Sandwiches are slices of bread between or among which one places some kind of other food, often along with a condiment or similar accompaniment. Bread can, in such a configuration, make a handheld conveyance for substantive and delicious nourishment eaten with one or two hands, rather than with cutlery. The Wall Street Journal (New York) has described sandwiches as Great Britain's 'biggest contribution to gastronomy' around the world, and this may be true, particularly if Anglicanism is Great Britain's 'biggest contribution to' global religious life.

Anglicans eat sandwiches for luncheon after Sunday services; in our regular daily noontide meals; during our ongoing conversations about sex and liturgy and salvation; at funerals, at christenings, at weddings; when we are in good company and when we are quite alone.

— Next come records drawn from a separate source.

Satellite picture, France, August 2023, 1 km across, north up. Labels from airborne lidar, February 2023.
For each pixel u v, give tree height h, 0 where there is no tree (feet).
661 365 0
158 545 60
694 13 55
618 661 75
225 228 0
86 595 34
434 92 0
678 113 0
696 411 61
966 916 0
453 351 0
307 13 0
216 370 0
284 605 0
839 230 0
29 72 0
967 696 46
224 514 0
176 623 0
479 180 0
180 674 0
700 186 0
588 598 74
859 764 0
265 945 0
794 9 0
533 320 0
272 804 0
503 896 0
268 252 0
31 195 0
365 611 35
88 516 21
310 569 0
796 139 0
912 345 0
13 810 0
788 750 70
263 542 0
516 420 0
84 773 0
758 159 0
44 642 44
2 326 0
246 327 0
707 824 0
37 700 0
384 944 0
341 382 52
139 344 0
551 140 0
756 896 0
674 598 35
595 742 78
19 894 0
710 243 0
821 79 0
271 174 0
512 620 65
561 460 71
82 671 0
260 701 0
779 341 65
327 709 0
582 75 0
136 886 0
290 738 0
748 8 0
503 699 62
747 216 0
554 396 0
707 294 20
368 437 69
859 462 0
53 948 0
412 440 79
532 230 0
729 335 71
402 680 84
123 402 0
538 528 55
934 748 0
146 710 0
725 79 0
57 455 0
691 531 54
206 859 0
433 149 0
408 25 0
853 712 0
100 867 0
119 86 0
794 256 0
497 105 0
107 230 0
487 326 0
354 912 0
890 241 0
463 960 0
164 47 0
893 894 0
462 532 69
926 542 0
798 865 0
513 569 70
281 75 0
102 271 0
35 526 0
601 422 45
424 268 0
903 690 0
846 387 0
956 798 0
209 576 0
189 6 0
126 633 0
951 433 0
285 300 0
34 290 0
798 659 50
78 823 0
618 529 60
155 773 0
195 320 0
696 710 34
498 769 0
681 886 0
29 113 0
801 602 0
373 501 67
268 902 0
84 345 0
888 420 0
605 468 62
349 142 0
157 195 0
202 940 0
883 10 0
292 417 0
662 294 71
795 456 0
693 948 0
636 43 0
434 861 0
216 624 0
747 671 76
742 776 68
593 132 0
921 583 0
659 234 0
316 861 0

We also eat them during Passiontide, when the presence of easily-consumed bread-and-more is especially helpful to nourish us handily for the celebration of the Mighty Acts of God. Cucumbers, cheese, sauces, spreads, fish and meat (for some), pickles, crustaceans, chocolate, mushrooms, rarebits—all are accompaniments to the daily bread that serves as the basis of a sandwich.

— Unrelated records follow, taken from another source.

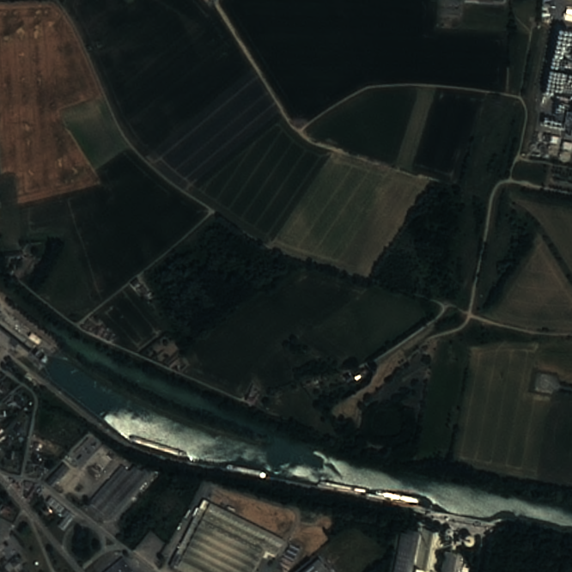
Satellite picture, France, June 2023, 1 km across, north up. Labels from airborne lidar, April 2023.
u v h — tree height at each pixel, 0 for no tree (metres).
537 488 18
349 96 0
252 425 0
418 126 0
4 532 0
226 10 0
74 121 0
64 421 0
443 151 0
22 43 0
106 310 0
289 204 0
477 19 0
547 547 18
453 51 0
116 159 0
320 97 0
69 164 0
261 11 0
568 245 0
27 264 0
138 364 6
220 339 0
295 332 0
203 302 19
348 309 0
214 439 0
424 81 0
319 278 0
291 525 0
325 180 0
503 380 0
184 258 10
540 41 0
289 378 0
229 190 0
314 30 0
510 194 0
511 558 11
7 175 0
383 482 0
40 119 0
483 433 0
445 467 22
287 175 0
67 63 0
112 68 0
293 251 0
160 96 0
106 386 0
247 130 0
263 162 0
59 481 0
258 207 0
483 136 0
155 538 0
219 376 0
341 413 0
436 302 0
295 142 0
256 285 5
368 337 0
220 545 0
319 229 0
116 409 0
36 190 0
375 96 0
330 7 0
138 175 0
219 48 0
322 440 8
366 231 0
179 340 6
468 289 0
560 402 0
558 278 0
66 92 0
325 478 0
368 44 0
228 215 0
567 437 0
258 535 0
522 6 0
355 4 0
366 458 15
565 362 0
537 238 0
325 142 0
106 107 0
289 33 0
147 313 0
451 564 0
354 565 0
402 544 0
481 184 0
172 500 0
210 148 0
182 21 0
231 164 0
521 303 0
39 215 0
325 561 0
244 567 0
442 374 0
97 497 0
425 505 0
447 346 0
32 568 0
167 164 0
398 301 0
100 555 0
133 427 0
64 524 0
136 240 0
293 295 0
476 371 0
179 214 0
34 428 0
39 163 0
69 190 0
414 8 0
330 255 0
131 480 0
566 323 0
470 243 0
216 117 0
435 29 0
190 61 0
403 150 0
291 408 0
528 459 0
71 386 0
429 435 0
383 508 8
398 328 0
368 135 0
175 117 0
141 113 0
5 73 0
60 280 0
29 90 0
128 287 0
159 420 0
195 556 0
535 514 0
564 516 0
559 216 0
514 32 8
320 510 10
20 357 0
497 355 0
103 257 0
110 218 0
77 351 0
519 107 0
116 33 0
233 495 0
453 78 0
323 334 0
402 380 0
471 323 0
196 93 0
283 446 0
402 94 0
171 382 16
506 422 0
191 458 0
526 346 0
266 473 0
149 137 0
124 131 0
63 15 0
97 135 0
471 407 0
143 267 0
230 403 14
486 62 0
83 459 0
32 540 0
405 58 0
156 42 0
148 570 0
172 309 16
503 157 0
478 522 0
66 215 0
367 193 0
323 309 0
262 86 0
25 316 10
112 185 0
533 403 0
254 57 0
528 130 0
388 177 0
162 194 0

This Passion Sunday, we have entered a time during which focus and sleep will be at a premium for many thousands of clergy around the world. We know that their energy and capacities will be stretched to real difficulty through the Passiontide and Easter celebrations that lie ahead. During this patch, we hope that the wisdom of sandwiches will prevail for them and for the good people who love them. The daily strength for daily needs available in sandwiches can certainly help to keep body and soul together. And we pray for the keeping together of body and soul for all and sundry in this final stretch of Lent.

See you next week.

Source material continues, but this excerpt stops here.